Müslüman düşmanlığını o kadar ileri götürdü ki, “Müslümanların Avrupa’yı istilası”(!)na tepki olarak doğan ve mutedil Almanların “Nazi” diye kestirip atarak lanetlediği, ortalama Almanların da içten içe sempati duysalar bile “Nazi” damgasını yememek için açıkça desteklemekten geri durduğu PEGIDA hareketinin bir mitinginde kürsüye çıkıp konuştu. Hem de nasıl! Nazi toplama kamplarının “bu aralar devre dışı” olmasından yakındı…
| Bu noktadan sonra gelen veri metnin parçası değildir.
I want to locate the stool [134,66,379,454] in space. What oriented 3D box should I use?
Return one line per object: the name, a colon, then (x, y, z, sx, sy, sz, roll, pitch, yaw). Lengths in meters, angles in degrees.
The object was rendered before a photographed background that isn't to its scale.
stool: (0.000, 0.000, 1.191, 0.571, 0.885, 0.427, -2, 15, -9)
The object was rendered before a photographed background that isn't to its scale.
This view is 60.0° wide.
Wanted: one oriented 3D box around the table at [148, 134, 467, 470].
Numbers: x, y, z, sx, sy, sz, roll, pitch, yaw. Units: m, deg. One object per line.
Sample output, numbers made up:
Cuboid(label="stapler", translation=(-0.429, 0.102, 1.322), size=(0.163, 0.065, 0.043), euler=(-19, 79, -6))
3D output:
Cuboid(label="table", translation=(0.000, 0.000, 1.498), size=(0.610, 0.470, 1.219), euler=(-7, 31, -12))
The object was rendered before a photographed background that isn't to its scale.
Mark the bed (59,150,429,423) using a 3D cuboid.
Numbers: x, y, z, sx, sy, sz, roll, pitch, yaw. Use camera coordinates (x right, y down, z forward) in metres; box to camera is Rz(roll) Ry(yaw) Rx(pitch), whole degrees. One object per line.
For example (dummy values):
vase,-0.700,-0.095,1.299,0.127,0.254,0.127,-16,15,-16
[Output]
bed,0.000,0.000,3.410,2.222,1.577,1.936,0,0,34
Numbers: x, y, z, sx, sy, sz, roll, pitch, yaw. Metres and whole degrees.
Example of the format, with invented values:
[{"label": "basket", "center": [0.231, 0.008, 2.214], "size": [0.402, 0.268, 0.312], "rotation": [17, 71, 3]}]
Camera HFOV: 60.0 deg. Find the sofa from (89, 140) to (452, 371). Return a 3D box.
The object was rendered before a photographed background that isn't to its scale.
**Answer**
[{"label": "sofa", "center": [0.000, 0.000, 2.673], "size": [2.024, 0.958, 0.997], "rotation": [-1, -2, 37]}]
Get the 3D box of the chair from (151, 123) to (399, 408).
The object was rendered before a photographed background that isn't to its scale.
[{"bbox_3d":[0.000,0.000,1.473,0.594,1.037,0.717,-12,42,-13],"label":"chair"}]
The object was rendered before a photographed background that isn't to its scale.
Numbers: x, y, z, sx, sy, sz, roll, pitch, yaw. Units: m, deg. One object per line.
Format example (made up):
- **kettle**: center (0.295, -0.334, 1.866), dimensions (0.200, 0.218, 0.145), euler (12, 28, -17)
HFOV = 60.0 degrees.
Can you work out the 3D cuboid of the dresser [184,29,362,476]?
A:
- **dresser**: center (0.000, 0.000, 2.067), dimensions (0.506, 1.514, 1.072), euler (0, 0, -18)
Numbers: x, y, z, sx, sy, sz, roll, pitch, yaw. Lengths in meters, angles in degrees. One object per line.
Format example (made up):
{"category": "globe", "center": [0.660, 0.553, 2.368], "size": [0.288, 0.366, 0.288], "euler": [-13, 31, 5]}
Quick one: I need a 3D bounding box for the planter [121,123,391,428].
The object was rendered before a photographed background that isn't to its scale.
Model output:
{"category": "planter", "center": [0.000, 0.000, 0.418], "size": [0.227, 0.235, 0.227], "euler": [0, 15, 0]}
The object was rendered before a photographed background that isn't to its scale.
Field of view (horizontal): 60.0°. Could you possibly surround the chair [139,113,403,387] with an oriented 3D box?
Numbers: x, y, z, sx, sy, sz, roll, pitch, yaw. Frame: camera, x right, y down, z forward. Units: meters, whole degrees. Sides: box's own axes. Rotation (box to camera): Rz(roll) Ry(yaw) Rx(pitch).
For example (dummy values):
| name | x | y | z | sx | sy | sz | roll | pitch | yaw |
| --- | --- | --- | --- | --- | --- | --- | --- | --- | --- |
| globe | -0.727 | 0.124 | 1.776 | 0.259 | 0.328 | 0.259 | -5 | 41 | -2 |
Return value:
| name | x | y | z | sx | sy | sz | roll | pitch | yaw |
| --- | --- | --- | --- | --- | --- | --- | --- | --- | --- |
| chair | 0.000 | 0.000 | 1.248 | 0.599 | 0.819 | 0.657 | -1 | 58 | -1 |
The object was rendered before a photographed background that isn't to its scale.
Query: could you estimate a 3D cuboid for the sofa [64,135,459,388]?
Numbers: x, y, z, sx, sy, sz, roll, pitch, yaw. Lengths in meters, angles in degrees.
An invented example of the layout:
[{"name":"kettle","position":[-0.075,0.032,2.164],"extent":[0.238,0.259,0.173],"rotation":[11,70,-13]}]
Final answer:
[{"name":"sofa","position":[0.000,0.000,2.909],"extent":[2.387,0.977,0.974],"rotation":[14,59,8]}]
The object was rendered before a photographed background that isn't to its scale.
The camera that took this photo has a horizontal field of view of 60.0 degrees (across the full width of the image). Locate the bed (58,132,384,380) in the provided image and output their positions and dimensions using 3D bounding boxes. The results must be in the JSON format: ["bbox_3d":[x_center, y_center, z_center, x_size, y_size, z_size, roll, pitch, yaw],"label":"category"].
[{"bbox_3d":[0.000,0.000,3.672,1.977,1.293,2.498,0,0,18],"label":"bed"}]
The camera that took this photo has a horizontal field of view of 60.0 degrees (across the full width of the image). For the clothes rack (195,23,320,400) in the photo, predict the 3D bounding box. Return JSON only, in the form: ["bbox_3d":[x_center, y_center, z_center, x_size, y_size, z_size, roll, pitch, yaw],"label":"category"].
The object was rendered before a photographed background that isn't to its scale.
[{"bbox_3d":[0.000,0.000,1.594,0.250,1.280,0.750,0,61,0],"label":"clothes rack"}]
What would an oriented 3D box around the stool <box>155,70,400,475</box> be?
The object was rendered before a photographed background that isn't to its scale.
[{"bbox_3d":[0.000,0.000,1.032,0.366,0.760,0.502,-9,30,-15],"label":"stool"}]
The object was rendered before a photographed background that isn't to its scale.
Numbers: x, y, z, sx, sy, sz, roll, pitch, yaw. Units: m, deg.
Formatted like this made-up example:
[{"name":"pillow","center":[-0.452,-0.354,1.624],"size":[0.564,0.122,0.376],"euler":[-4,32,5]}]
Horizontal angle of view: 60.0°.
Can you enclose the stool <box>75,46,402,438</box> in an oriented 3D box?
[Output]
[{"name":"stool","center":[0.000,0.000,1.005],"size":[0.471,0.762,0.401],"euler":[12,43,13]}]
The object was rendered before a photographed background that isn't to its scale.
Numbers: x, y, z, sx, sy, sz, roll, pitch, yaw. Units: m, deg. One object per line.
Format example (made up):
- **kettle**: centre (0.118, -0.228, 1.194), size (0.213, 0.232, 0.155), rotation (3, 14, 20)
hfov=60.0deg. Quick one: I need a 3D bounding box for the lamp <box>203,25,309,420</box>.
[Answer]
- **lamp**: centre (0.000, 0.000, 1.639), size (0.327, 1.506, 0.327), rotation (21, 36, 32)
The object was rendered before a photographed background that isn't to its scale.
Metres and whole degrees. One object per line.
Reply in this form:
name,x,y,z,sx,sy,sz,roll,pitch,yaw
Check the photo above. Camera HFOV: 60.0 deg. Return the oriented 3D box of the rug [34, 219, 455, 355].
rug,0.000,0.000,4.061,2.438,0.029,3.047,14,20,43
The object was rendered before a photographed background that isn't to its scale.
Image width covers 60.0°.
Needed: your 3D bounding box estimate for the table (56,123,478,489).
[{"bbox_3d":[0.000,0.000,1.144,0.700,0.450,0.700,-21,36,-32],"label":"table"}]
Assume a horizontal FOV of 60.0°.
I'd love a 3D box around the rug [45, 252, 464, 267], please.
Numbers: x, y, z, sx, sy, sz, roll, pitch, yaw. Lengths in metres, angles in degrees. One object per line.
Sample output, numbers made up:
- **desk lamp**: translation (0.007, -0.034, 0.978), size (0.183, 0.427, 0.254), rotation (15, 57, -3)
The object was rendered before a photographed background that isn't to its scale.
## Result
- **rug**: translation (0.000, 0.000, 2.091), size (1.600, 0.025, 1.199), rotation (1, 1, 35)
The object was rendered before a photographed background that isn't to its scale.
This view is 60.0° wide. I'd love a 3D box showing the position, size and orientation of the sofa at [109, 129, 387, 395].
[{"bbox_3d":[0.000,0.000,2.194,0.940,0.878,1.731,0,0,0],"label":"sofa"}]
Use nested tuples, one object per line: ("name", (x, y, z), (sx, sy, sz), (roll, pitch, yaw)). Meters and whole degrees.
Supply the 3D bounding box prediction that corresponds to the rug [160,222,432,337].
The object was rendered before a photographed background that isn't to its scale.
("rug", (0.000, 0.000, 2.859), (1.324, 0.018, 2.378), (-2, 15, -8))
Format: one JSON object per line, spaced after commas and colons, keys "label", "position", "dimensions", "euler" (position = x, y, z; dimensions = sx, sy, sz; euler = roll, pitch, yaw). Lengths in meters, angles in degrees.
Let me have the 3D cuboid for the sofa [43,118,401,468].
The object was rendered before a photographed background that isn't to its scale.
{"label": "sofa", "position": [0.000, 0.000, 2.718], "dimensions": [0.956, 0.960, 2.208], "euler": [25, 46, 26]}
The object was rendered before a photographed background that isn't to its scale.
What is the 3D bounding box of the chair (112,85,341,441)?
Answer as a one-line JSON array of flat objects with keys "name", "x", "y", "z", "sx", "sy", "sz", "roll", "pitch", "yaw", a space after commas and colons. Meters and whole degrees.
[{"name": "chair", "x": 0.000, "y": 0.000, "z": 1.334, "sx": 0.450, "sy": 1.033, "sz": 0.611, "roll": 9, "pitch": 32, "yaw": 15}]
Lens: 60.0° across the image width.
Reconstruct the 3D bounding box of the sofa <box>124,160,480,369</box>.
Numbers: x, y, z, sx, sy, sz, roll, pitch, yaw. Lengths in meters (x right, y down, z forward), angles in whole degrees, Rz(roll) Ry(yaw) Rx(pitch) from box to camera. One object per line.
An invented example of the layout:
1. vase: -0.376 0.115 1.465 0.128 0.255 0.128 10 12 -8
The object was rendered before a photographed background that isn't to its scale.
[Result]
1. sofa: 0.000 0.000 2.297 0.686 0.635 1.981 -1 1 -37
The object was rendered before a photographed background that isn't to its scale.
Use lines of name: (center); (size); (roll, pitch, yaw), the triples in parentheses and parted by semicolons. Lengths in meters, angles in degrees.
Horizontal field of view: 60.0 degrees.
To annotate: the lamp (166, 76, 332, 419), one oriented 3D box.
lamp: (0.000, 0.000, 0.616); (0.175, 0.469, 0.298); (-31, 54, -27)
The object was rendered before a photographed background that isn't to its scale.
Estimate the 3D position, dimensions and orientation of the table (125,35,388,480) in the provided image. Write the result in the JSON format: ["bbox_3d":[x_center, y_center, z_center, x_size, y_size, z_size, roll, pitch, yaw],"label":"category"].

O ana kadar Pirinçci’nin Müslümanlar aleyhindeki çıkışlarını baş tacı eden Alman televizyonları ve gazeteleri anında çark edip Pirinçci’nin aleyhine döndüler. Yıllardır bağlı olduğu yayınevi de “bu kabul edilemez davranış” üzerine Pirinçci ile sözleşmesini feshetti. Tepki o kadar büyüktü ve Pirinçci o kadar küçülmüştü ki, PEGİDA liderliği Pirinçci’ye acıyıp “Keşke Akif Pirinçci’yi o gösteriye davet etmeseydik” dedi.

***

2015’ten beri büyük yayınevleri ve ana akım medyalar tarafından boykot edilen Prinçci, berbat görüşlerini kamuoyu ile paylaşmak ve faşist eğilimli bir yayınevinin bastığı yeni kitaplarını (Meselâ göçmenlerin Almanları nasıl Almanlıktan çıkardığına dair “Umvolkung”u) pazarlamak için bir internet sitesi kurdu. Geçen gün bu internet sitesine göz atma gafletinde bulundum. Pirinçi, son yazısında, Almanya’daki yabancı düşmanı “yeni sağ” akımını eleştiren Polonya kökenli yazar Margarete Stokowski’ye hakaretler yağdırıyor. Yazının altındaki yorum kısmı, Alman faşistlerinin ‘aferin’leriyle dolu…

Öfke hissetmiyorum. Üzülüyorum. Yazık oldu, yazık oluyor Akif Pirinçci’ye. Allah Teala hidayet versin.